We plot the train loss recorded during training.

plt.plot(history['train'], label='train loss')
plt.legend()
plt.show()
../../_images/e0a3ab470c58854334ddc6e0176338f56d4ec8410d9a4d5e2f7977d4fe86c942.png

Evaluation#

To evaluate the network using k-NN search or t-SNE visualization, we start by generating embeddings for both the train and test set.

Hide code cell source
def get_embeddings(model: torch.nn.Module, 
                   data: torch.utils.data.Dataset | torch.utils.data.DataLoader,
                   batch_size: int = 64
                   ) -> tuple[torch.FloatTensor, torch.IntTensor]:
    
    if isinstance(data, torch.utils.data.Dataset):
        data = torch.utils.data.DataLoader(data, batch_size)
    elif not isinstance(data, torch.utils.data.DataLoader):
        raise ValueError('data must be a Dataset or a DataLoader')

    model_device = next(model.parameters()).device
    device = torch.device('cuda' if torch.cuda.is_available() else 'mps' if torch.mps.is_available() else 'cpu')
    
    model = model.to(device)
    model.eval()

    embeddings = []
    labels = []

    for x, l in loader:
        x = x.to(device)
        with torch.inference_mode():
            y = model(x)
        embeddings.append(y.cpu())
        labels.append(l)

    model = model.to(model_device)

    return torch.cat(embeddings), torch.cat(labels)
train_embeddings, train_labels = get_embeddings(model, train_ds)
test_embeddings,  test_labels  = get_embeddings(model, test_ds)

t-SNE visualization#

We visualize the embeddings using t-SNE to observe the clustering of similar samples.

tsne = TSNE(n_components=2, random_state=42)

train_tsne = tsne.fit_transform(train_embeddings)
test_tsne  = tsne.fit_transform(test_embeddings)
Hide code cell source
plt.figure(figsize=(10, 5))
plt.suptitle("t-SNE Visualization of Embeddings")

plt.subplot(1, 2, 1)
scatter = plt.scatter(train_tsne[:, 0], train_tsne[:, 1], c=train_labels.numpy(), cmap="tab10", alpha=0.7)
plt.legend(*scatter.legend_elements(), title="Digits")
plt.title("Train Set")

plt.subplot(1, 2, 2)
scatter = plt.scatter(test_tsne[:, 0], test_tsne[:, 1], c=test_labels.numpy(), cmap="tab10", alpha=0.7)
plt.legend(*scatter.legend_elements(), title="Digits")
plt.title("Test Set")

plt.show()
../../_images/eaabd4df794defabe692291377cb19b5dfbc90522c166aba6e52620928df088d.png

Summary#

In this tutorial, we implemented the triplet loss function with two online mining strategies called batch-all and batch-hard.

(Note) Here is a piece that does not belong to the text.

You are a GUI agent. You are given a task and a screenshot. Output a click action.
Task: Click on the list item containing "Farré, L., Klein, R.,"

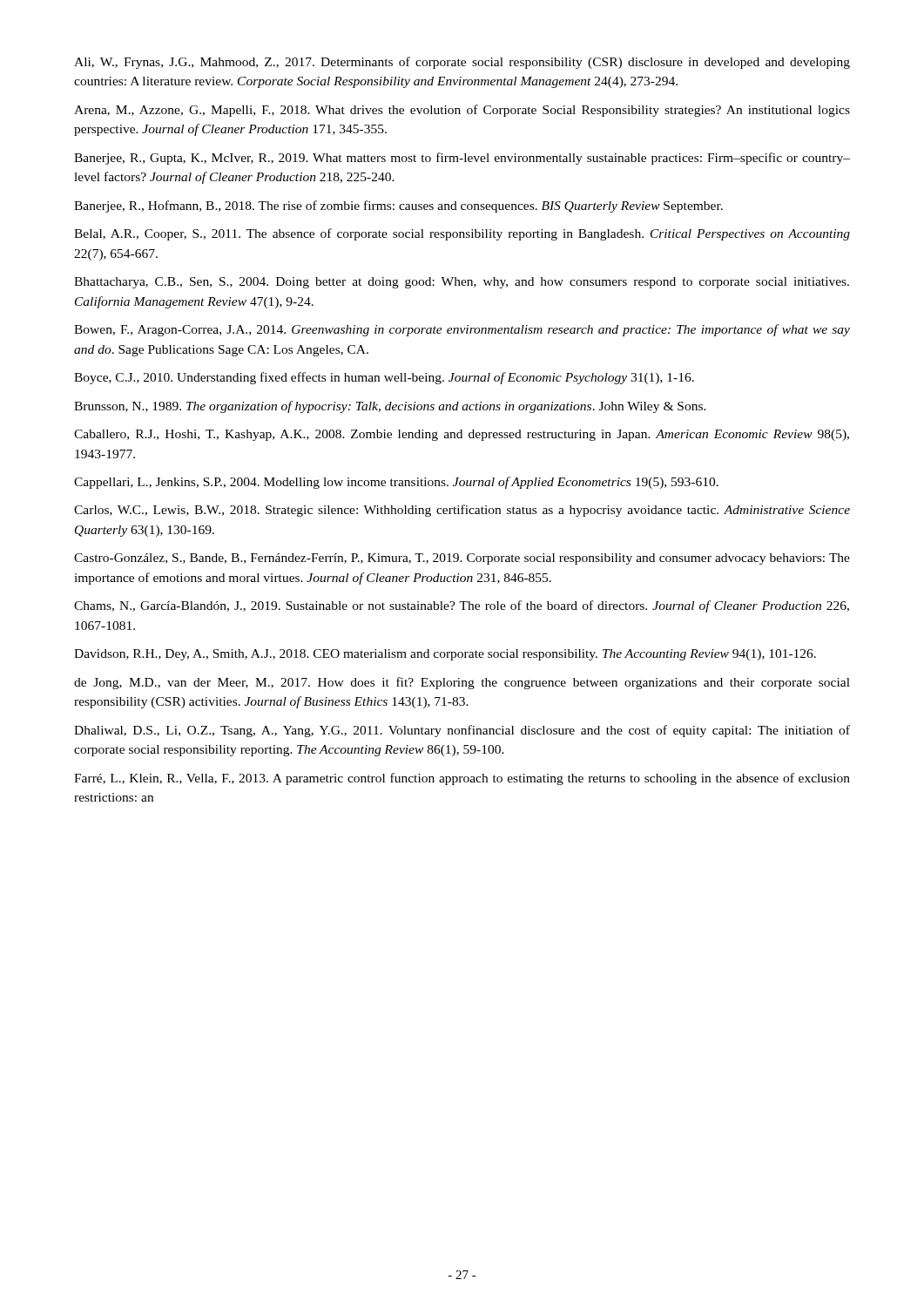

We discussed the importance of triplet mining strategies and best practices for training a network with triplet loss. We trained a Siamese network on the MNIST dataset using the triplet loss function and evaluated the network using k-NN search and t-SNE visualization. The results showed that the network was able to learn meaningful representations of the input images, as evidenced by the high accuracy of the k-NN search and the clear separation of classes in the t-SNE visualization.